In other words, where the batch norm calculates one mean and standard deviation (thus making the distribution of the entire layer Gaussian), the instance norm calculates T of them, as a result of which each individual image distribution looks Gaussian, but not together.
A simple analogy: at the stage of data preprocessing, you can normalize the data for each image or normalize the entire data set.
Credit: formulas from here .
Which normalization is better?
The answer depends on the network architecture, in particular on what is done after the normalization level. Image classification networks usually combine object maps together and link them to the FC layer, which share the weights by package (the modern way is to use the CONV layer instead of FC, but the argument still applies).

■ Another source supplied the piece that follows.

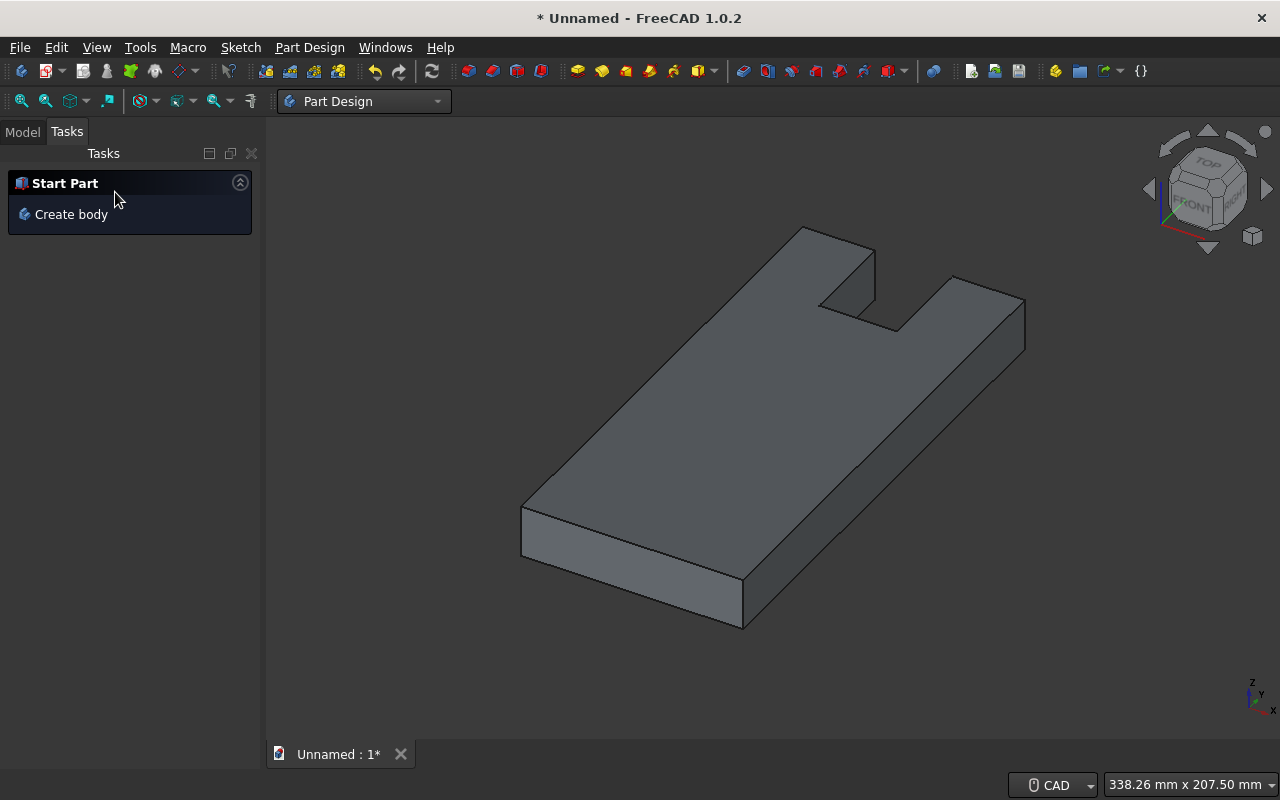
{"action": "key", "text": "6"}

It is here that the nuances of distribution begin to matter: the same neuron will receive information from all images. If the dispersion between batches is high, the gradient from small activations will be completely suppressed by high activations, which is exactly the problem that the batch norm is trying to solve. Therefore, it is possible that normalization for each instance does not improve network convergence at all.
On the other hand, batch normalization adds extra noise to learning, because the result for a particular instance depends on neighboring instances. As it turns out, such noise can be both good and bad for the network. This is well explained in the article “weight normalization” by Tim Salimmans et al., In which recurrent neural networks and DQNs for gain training are called noise-sensitive applications. I'm not quite sure, but I think that the same sensitivity to noise was the main problem in the stylization problem that they tried to deal with the instance norm. It would be interesting to check whether the weight norm is better for this particular task.
Can you combine batch and instance normalization?
Although he makes a valid neural network, there is no practical use for it. Batch noise normalization either helps the learning process (in this case, it is preferable), or does harm to it (in this case it is better to skip it). In both cases, logging out with one type of normalization can improve performance.